En matière de popularité, Froome paie les années Sky : les derniers délires du vélo surgonflé, dont il a paru être un héritier, dominateur en 2013 et 2015, pédalage anormalement élevé et rythme cardiaque étonnamment bas, ce qui avait lancé des soupçons d’usage d’un moteur. Puis le vélo de l’infime, des «gains marginaux», des microdoses interdites, micro-triches licites et donc micro-exploits ou rêves. On a déjà oublié son Tour de transition en 2016, quand il avait attaqué en descente ou sur le plat. On glisse sur sa mine défaite de cette année, blanchâtre, lessivée, ses hochements de tête permanents comme s’il était désolé de tout. Froome est à la fois trop grand et trop petit dans l’histoire de son sport.
Sacrifice
Il accompagne aussi ce cyclisme d'inflation que Sky a installé, creusant dans la veine Armstrong : salaire supérieur à 5 millions d'euros, budget de son équipe estimé à 30 millions, moyens humains et techniques qui donnent une longueur d'avance dès le départ… Froome, maigre à affoler un hôpital, sans qu'on ait tout à fait compris les subtilités de ses régimes, inspire davantage la pitié que le respect. La Sky pousse loin l'idée du sacrifice. Christopher Froome, ancien étudiant en Afrique du Sud, membre de l'équipe italienne Barloworld qui célébrait autant l'EPO que la dolce vita, en accepte les règles. Et il s'use. Ce Tour 2017, gagné «ric-rac» selon son directeur sportif, Nicolas Portal, pourrait être son dernier succès. La brigade britannique chercherait même un plan B pour 2018 : le Colombien Nairo Quintana ? L'Irlandais Dan Martin ? Le Français Warren Barguil ? Officiellement, cependant, ses employeurs soutiennent qu'ils comptent toujours sur leur leader.

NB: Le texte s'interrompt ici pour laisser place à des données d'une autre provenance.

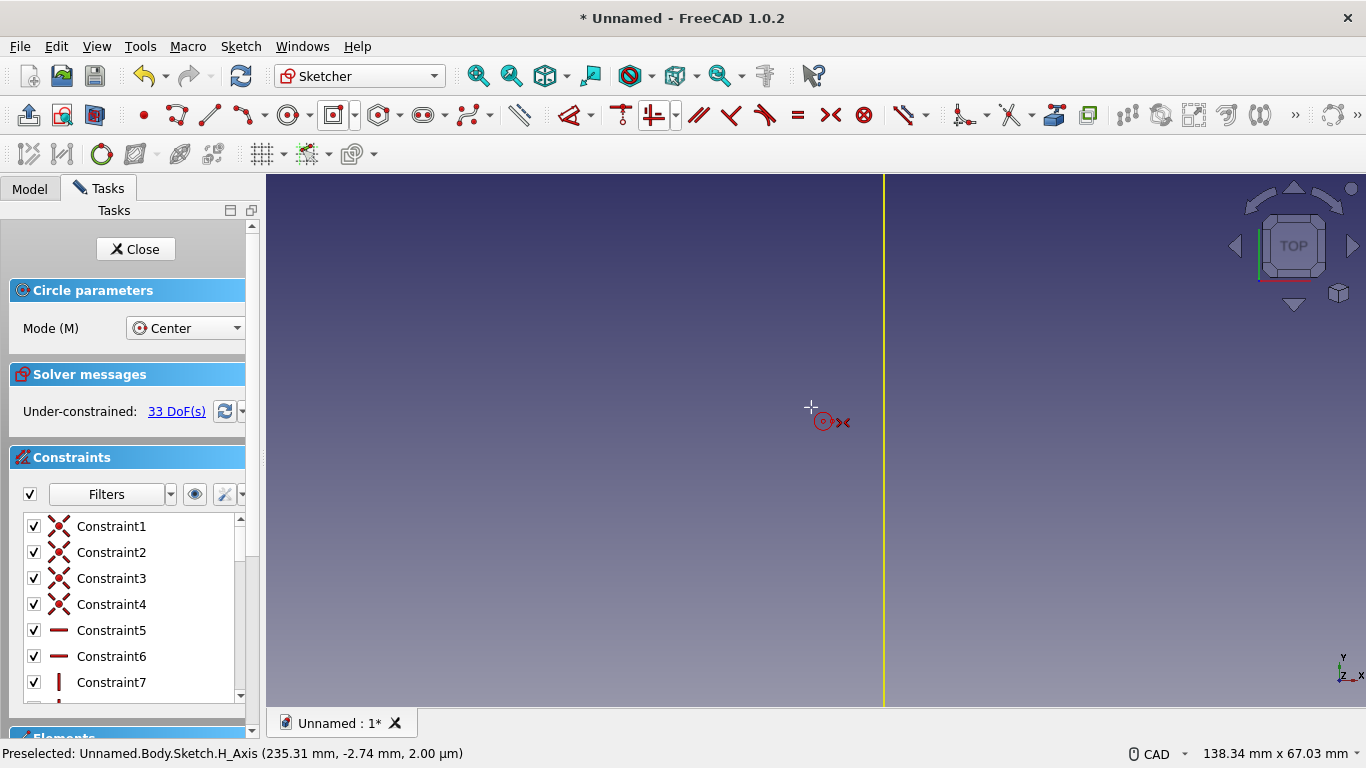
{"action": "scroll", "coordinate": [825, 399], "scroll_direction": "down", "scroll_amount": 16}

Plus que Froome, c'est la Sky qui étouffe le rêve. Un protagoniste du Tour de France confie cette histoire insensée à Libération : «L'autre jour, un coureur membre du top 10 vient à la hauteur de Froome dans un col et, comme il est parfois d'usage, lui annonce qu'il va attaquer. Froome hésite et finit par demander : "Mais tu es placé à combien de minutes de moi au classement général ?" Ça montre qu'il est seulement sur un vélo à pédaler. Ce mec est un cycliste télécommandé.»